С тех пор как я понял, что люблю Билли, я понял, что так же беззащитен, как и любой человек на земле. Я кожей чувствовал эту возможность получить от мира взбучку и стать отверженным. Но я это приветствовал. Я хотел лишь пребывать в этом чувстве, в этом невидимом нечто, обладавшим такой большой силой. И сгинуть в нем к чертовой матери? Возможно. Мне было все равно. Я хотел только быть ближе к нему, и если бы я не смог его получить, я бы прожил остаток своих дней, наслаждаясь сладостью его близости, роскошным присутствием чего-то еще, повисшего в воздухе между нами. В равной мере и болью, и удовольствием. В равной мере и движением, и неподвижностью. Ах, Билли Нептун, завитки твоего имени вписаны в самую мою сущность до сих пор. Но тогда? Я обманывал самого себя. В ту ночь я обманывал самого себя даже больше, чем обычно.
* * *
Эрни с Эсме были полны решимости перезнакомить тех из нас, кто еще не встречался. И в самом деле, среди приглашенных было намного больше очень низкорослых людей, чем мне доводилось видеть, и намного больше высоких. Там был самый тяжелый мужчина в Британии, а также очаровательная мисс Темпл, хотя они были соперниками, и их было предпочтительнее держать в разных концах паба, но не на втором этаже, как намекнула Эсме.
– Ему везет, – сказала мне мисс Темпл, кивая в сторону своего противника. – Он от природы тяжелее, и у него намного больше богатых покровителей. Мне же приходится постоянно есть, чтобы поддерживать вес, необходимый для привлечения зрителей. Три четверти из моего дохода уходит только на еду!
Я попытался ответить сочувствием, но рядом стоял бедный мистер Флипп, который, как мне объяснили, страдал истощением и едва мог поддерживать вес, необходимый для поддержания жизни, вне независимости от того, что он ел. Тогда я почувствовал, насколько чудовищна шутка Бога, который сталкивал лицом к лицу в одной комнате настолько не похожих друг на друга людей и заставлял соревноваться их, чтобы понять, кто лучше заработает этим на жизнь. Вскоре явилась и моя собственная противоположность – человек, в котором на первый взгляд не было ничего особенного, несмотря на большие глаза и ноздри, и густые черные волосы. Я пробирался к бару, чтобы промочить горло чем-нибудь не столь крепким, как все то, что уже поглотил в ту ночь. Моя речь была невнятной, и мне было противно выставлять себя перед теми, кого я встречал по пути, невежественным или грубым.

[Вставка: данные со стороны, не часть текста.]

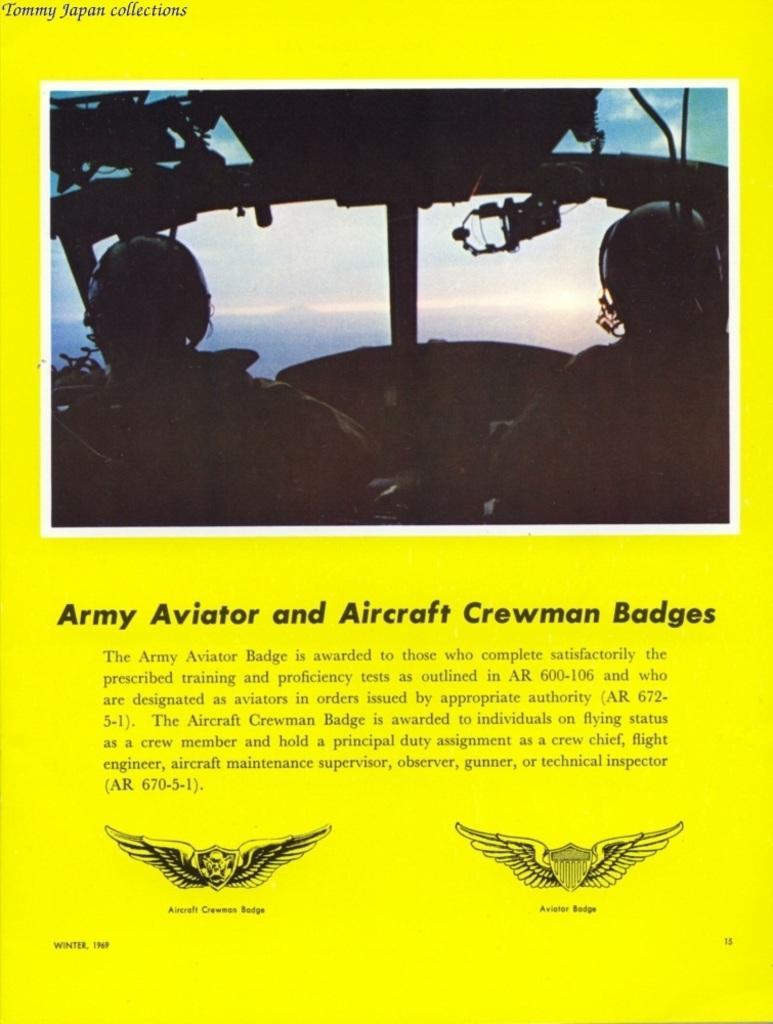Can you describe this image briefly? This is poster. Something written on this poster. Here we can see logos. In this picture we can see two people. 
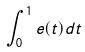Convert formula to latex. <formula><loc_0><loc_0><loc_500><loc_500>\int _ { 0 } ^ { 1 } e ( t ) d t</formula> 
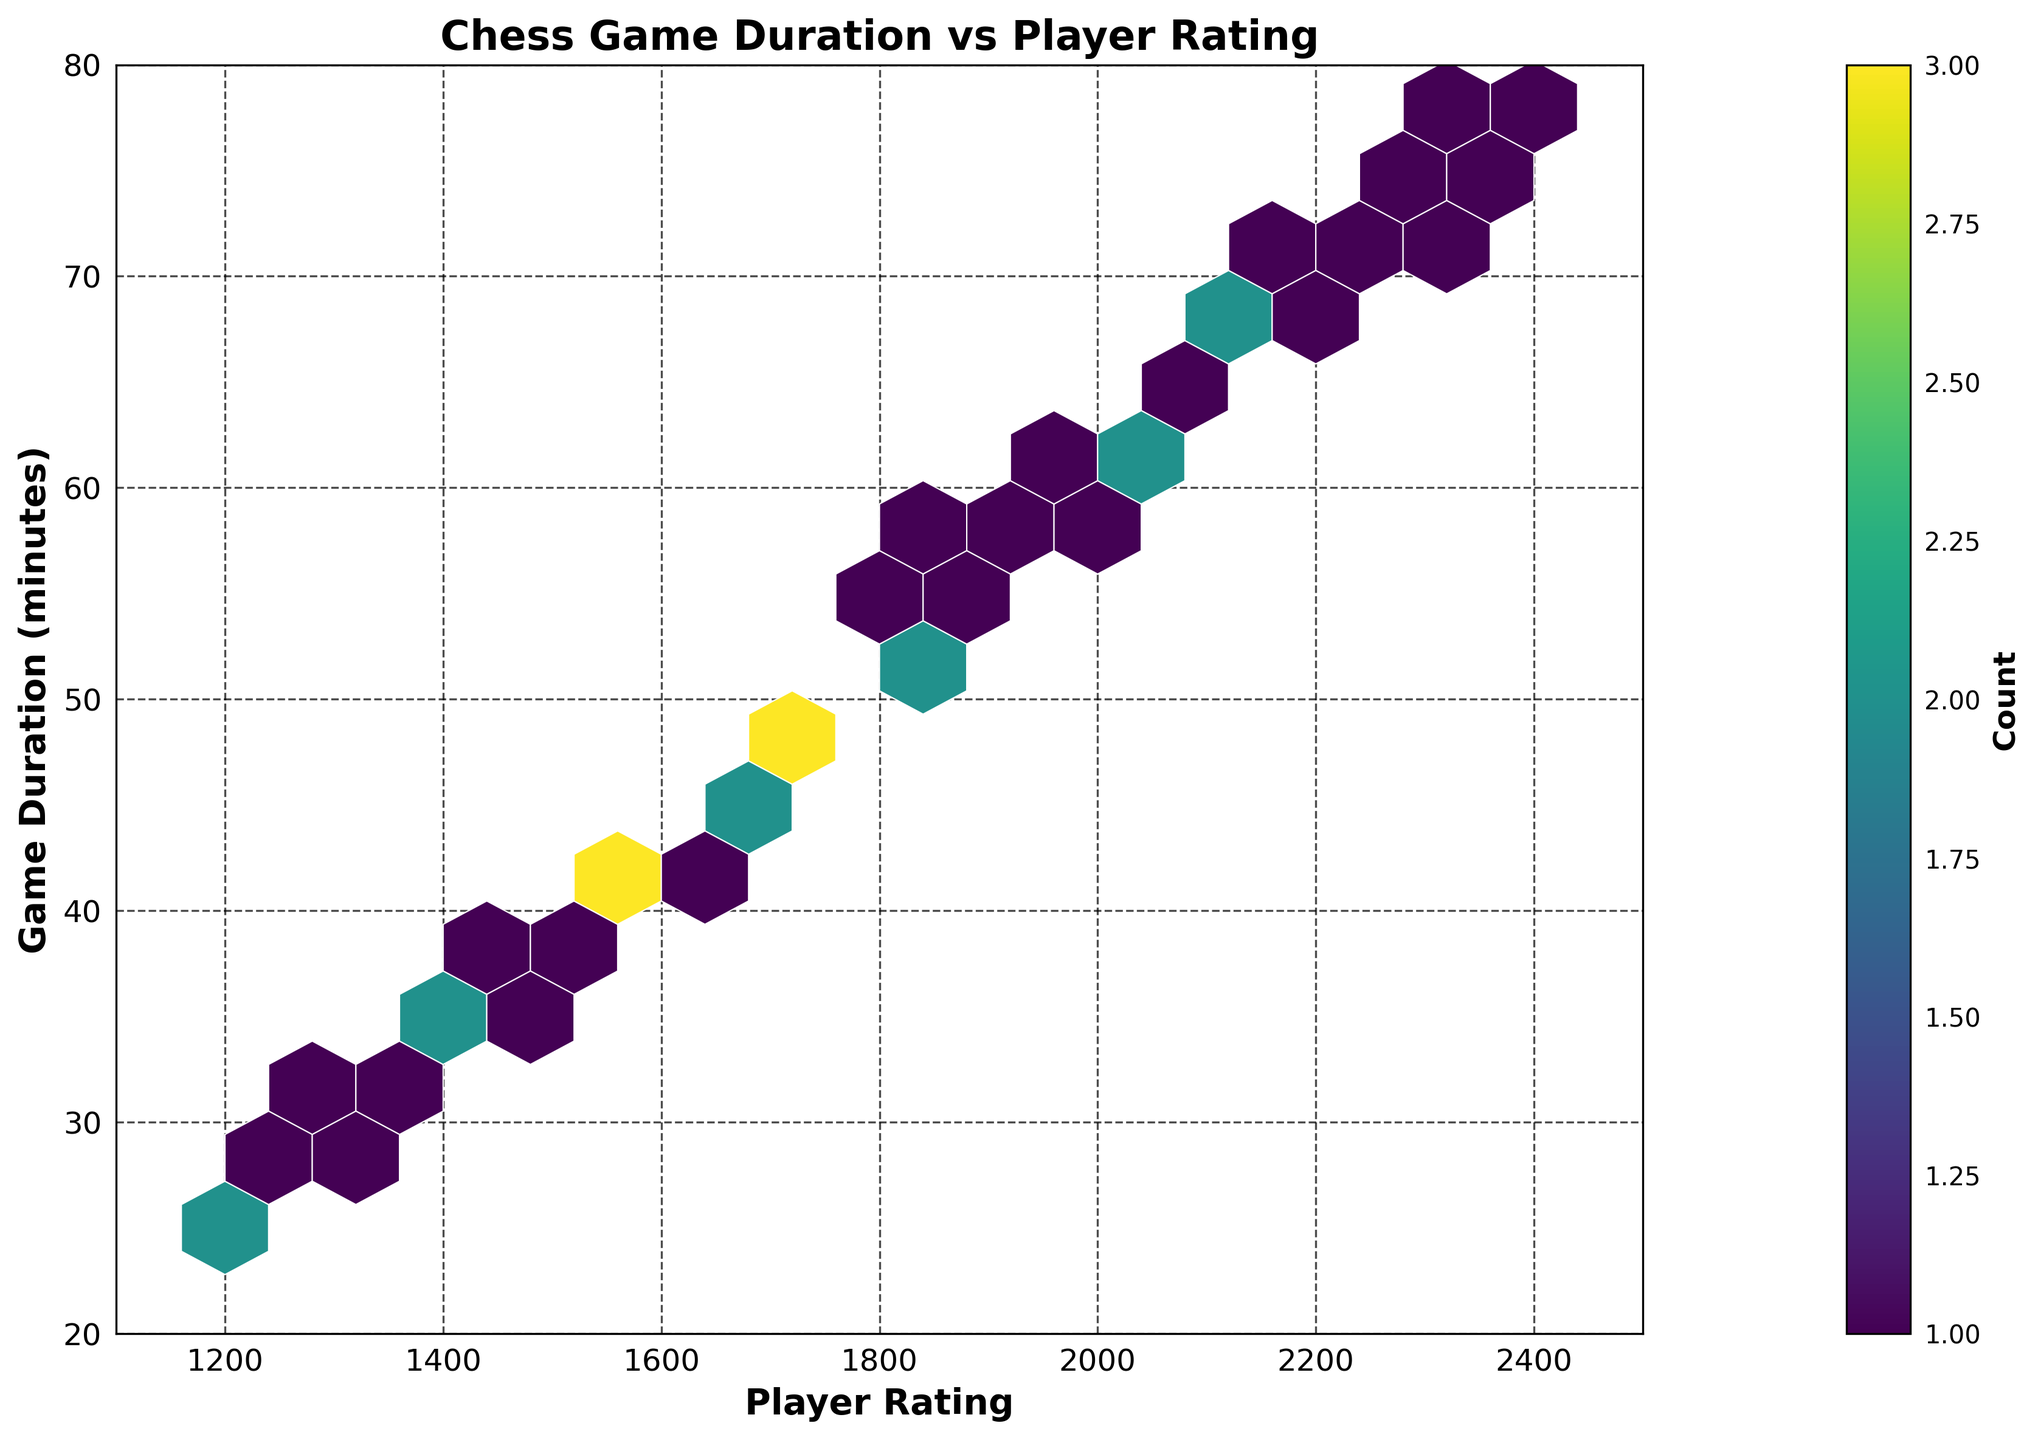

– Мистер Понеке! – Черноволосый хлопнул меня по спине. – Я так хотел с вами познакомиться, но я был занят в собственном представлении. Вы еще услышите обо мне, даже не сомневайтесь. Я Бычара с Борнео, также известный как Человек-обезьяна. Хотя в наши дни в дикие люди записалось столько народу, я иногда стараюсь выделиться умением показать себя.
У Бычары был сильный акцент, обвивавший его речь: раскатистое «р» и благозвучное ударение на каждой гласной. Я никогда о нем не слышал.
– Приятно познакомиться, сэр. – Мне удалось качнуться в сторону, почти изобразив неглубокий поклон.
Бычара ответил тем же.
– Зови меня Роберто! Я твой большой поклонник! Это же так умно – удивлять публику своими «цивилизованными», «образованными» манерами. Жаль, что мне не пришло это в голову. Но я все еще ряжусь в шкуры животных и туземные фетиши и хрюкаю, когда ко мне обращаются, а мой «владелец», который на самом деле мой брат, должен плести увлекательную историю о том, как меня нашли живущим среди орангутангов в джунглях. Но это все еще привлекает публику. По-прежнему обеспечивает неплохой заработок. Что ты об этом думаешь?
Я был сбит с толку.
– Думаю о чем?
– Парень, твоя игра гениальна. Мы все безмерно ею восхищаемся.
Да, это был спектакль. Но я не мог припомнить, чтобы я его выдумал.